» RECORDS:

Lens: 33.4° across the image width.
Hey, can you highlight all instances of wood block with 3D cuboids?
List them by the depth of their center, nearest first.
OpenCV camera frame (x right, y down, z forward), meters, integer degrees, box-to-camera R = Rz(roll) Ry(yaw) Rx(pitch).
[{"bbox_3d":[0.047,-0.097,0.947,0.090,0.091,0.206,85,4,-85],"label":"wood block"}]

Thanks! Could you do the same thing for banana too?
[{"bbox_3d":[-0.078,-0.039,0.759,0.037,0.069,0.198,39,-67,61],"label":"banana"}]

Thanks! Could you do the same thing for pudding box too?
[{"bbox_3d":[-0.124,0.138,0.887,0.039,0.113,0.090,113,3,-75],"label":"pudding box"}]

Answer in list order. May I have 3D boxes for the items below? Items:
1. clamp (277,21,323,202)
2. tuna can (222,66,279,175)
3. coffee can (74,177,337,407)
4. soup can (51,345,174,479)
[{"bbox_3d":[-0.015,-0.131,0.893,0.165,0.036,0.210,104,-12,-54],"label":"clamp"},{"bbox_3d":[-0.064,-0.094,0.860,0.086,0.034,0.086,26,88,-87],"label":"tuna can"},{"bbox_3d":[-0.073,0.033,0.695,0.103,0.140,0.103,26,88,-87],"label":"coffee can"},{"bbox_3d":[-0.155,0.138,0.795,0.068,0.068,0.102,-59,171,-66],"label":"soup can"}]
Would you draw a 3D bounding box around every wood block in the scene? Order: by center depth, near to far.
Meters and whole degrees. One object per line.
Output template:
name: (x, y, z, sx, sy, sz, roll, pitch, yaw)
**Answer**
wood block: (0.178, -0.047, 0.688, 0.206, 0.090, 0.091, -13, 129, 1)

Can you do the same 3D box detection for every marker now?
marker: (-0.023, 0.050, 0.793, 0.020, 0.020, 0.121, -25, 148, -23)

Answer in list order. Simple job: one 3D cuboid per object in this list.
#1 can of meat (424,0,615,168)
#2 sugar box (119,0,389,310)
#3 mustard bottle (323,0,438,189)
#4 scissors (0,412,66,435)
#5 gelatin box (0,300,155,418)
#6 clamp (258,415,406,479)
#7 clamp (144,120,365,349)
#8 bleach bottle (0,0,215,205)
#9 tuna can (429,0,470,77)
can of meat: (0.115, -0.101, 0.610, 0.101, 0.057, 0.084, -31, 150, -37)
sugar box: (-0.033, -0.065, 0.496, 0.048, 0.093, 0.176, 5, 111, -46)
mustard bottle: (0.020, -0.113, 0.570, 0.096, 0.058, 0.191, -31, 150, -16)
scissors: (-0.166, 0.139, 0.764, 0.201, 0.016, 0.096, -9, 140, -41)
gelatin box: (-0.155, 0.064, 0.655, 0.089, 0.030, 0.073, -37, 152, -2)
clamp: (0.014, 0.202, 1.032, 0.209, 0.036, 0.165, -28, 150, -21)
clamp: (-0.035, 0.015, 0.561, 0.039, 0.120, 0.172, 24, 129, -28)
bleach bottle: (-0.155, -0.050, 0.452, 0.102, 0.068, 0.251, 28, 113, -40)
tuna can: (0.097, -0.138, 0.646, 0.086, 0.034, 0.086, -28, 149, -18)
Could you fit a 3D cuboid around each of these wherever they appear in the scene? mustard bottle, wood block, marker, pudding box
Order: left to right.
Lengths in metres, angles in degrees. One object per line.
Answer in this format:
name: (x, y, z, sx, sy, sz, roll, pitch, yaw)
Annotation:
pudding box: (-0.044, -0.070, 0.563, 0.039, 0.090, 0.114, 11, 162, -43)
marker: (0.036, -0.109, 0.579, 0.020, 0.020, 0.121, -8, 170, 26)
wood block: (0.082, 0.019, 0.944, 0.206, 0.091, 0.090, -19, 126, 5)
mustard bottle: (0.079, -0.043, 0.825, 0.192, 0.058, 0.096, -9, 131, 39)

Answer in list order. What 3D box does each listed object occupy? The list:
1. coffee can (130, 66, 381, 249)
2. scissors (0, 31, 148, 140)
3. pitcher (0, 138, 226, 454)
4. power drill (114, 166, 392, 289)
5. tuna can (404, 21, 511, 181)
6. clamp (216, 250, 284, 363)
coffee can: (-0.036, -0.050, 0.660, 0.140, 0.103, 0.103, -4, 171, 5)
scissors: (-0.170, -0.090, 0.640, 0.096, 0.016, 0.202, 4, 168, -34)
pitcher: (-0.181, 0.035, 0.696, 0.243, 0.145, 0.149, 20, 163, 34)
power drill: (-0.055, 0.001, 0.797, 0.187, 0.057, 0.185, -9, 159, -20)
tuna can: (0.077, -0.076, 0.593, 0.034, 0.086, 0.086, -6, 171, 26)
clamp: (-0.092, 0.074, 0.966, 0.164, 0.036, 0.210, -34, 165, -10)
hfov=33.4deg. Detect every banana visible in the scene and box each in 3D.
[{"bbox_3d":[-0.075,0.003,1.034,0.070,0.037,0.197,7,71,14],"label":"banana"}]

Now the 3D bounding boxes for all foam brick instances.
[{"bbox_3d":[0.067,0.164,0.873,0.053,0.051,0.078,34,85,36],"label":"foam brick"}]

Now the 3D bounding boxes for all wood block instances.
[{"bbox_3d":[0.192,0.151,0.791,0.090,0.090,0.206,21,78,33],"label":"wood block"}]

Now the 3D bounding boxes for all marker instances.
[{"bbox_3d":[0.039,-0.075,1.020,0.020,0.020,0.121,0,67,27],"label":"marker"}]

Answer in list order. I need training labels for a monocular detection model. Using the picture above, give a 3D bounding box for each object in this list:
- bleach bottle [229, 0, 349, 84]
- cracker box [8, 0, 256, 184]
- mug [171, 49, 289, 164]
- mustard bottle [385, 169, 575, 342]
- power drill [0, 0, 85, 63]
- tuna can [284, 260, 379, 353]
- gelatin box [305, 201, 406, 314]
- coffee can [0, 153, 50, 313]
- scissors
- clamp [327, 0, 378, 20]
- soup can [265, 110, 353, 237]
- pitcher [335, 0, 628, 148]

» TASK TO COMPLETE:
The full listing needs to be output again, exactly as it reads.

» RESULT FOR THIS EXERCISE:
Lens: 33.4° across the image width.
Hey, can you highlight all instances of wood block with 3D cuboids?
List them by the depth of their center, nearest first.
OpenCV camera frame (x right, y down, z forward), meters, integer degrees, box-to-camera R = Rz(roll) Ry(yaw) Rx(pitch).
[{"bbox_3d":[0.047,-0.097,0.947,0.090,0.091,0.206,85,4,-85],"label":"wood block"}]

Thanks! Could you do the same thing for banana too?
[{"bbox_3d":[-0.078,-0.039,0.759,0.037,0.069,0.198,39,-67,61],"label":"banana"}]

Thanks! Could you do the same thing for pudding box too?
[{"bbox_3d":[-0.124,0.138,0.887,0.039,0.113,0.090,113,3,-75],"label":"pudding box"}]

Answer in list order. May I have 3D boxes for the items below? Items:
1. clamp (277,21,323,202)
2. tuna can (222,66,279,175)
3. coffee can (74,177,337,407)
4. soup can (51,345,174,479)
[{"bbox_3d":[-0.015,-0.131,0.893,0.165,0.036,0.210,104,-12,-54],"label":"clamp"},{"bbox_3d":[-0.064,-0.094,0.860,0.086,0.034,0.086,26,88,-87],"label":"tuna can"},{"bbox_3d":[-0.073,0.033,0.695,0.103,0.140,0.103,26,88,-87],"label":"coffee can"},{"bbox_3d":[-0.155,0.138,0.795,0.068,0.068,0.102,-59,171,-66],"label":"soup can"}]
Would you draw a 3D bounding box around every wood block in the scene? Order: by center depth, near to far.
Meters and whole degrees. One object per line.
Output template:
name: (x, y, z, sx, sy, sz, roll, pitch, yaw)
**Answer**
wood block: (0.178, -0.047, 0.688, 0.206, 0.090, 0.091, -13, 129, 1)

Can you do the same 3D box detection for every marker now?
marker: (-0.023, 0.050, 0.793, 0.020, 0.020, 0.121, -25, 148, -23)

Answer in list order. Simple job: one 3D cuboid per object in this list.
#1 can of meat (424,0,615,168)
#2 sugar box (119,0,389,310)
#3 mustard bottle (323,0,438,189)
#4 scissors (0,412,66,435)
#5 gelatin box (0,300,155,418)
#6 clamp (258,415,406,479)
#7 clamp (144,120,365,349)
#8 bleach bottle (0,0,215,205)
#9 tuna can (429,0,470,77)
can of meat: (0.115, -0.101, 0.610, 0.101, 0.057, 0.084, -31, 150, -37)
sugar box: (-0.033, -0.065, 0.496, 0.048, 0.093, 0.176, 5, 111, -46)
mustard bottle: (0.020, -0.113, 0.570, 0.096, 0.058, 0.191, -31, 150, -16)
scissors: (-0.166, 0.139, 0.764, 0.201, 0.016, 0.096, -9, 140, -41)
gelatin box: (-0.155, 0.064, 0.655, 0.089, 0.030, 0.073, -37, 152, -2)
clamp: (0.014, 0.202, 1.032, 0.209, 0.036, 0.165, -28, 150, -21)
clamp: (-0.035, 0.015, 0.561, 0.039, 0.120, 0.172, 24, 129, -28)
bleach bottle: (-0.155, -0.050, 0.452, 0.102, 0.068, 0.251, 28, 113, -40)
tuna can: (0.097, -0.138, 0.646, 0.086, 0.034, 0.086, -28, 149, -18)
Could you fit a 3D cuboid around each of these wherever they appear in the scene? mustard bottle, wood block, marker, pudding box
Order: left to right.
Lengths in metres, angles in degrees. One object per line.
Answer in this format:
name: (x, y, z, sx, sy, sz, roll, pitch, yaw)
Annotation:
pudding box: (-0.044, -0.070, 0.563, 0.039, 0.090, 0.114, 11, 162, -43)
marker: (0.036, -0.109, 0.579, 0.020, 0.020, 0.121, -8, 170, 26)
wood block: (0.082, 0.019, 0.944, 0.206, 0.091, 0.090, -19, 126, 5)
mustard bottle: (0.079, -0.043, 0.825, 0.192, 0.058, 0.096, -9, 131, 39)

Answer in list order. What 3D box does each listed object occupy? The list:
1. coffee can (130, 66, 381, 249)
2. scissors (0, 31, 148, 140)
3. pitcher (0, 138, 226, 454)
4. power drill (114, 166, 392, 289)
5. tuna can (404, 21, 511, 181)
6. clamp (216, 250, 284, 363)
coffee can: (-0.036, -0.050, 0.660, 0.140, 0.103, 0.103, -4, 171, 5)
scissors: (-0.170, -0.090, 0.640, 0.096, 0.016, 0.202, 4, 168, -34)
pitcher: (-0.181, 0.035, 0.696, 0.243, 0.145, 0.149, 20, 163, 34)
power drill: (-0.055, 0.001, 0.797, 0.187, 0.057, 0.185, -9, 159, -20)
tuna can: (0.077, -0.076, 0.593, 0.034, 0.086, 0.086, -6, 171, 26)
clamp: (-0.092, 0.074, 0.966, 0.164, 0.036, 0.210, -34, 165, -10)
hfov=33.4deg. Detect every banana visible in the scene and box each in 3D.
[{"bbox_3d":[-0.075,0.003,1.034,0.070,0.037,0.197,7,71,14],"label":"banana"}]

Now the 3D bounding boxes for all foam brick instances.
[{"bbox_3d":[0.067,0.164,0.873,0.053,0.051,0.078,34,85,36],"label":"foam brick"}]

Now the 3D bounding boxes for all wood block instances.
[{"bbox_3d":[0.192,0.151,0.791,0.090,0.090,0.206,21,78,33],"label":"wood block"}]

Now the 3D bounding boxes for all marker instances.
[{"bbox_3d":[0.039,-0.075,1.020,0.020,0.020,0.121,0,67,27],"label":"marker"}]

Answer in list order. I need training labels for a monocular detection model. Using the picture above, give a 3D bounding box for each object in this list:
- bleach bottle [229, 0, 349, 84]
- cracker box [8, 0, 256, 184]
- mug [171, 49, 289, 164]
- mustard bottle [385, 169, 575, 342]
- power drill [0, 0, 85, 63]
- tuna can [284, 260, 379, 353]
- gelatin box [305, 201, 406, 314]
- coffee can [0, 153, 50, 313]
- scissors
- clamp [327, 0, 378, 20]
- soup can [265, 110, 353, 237]
- pitcher [335, 0, 628, 148]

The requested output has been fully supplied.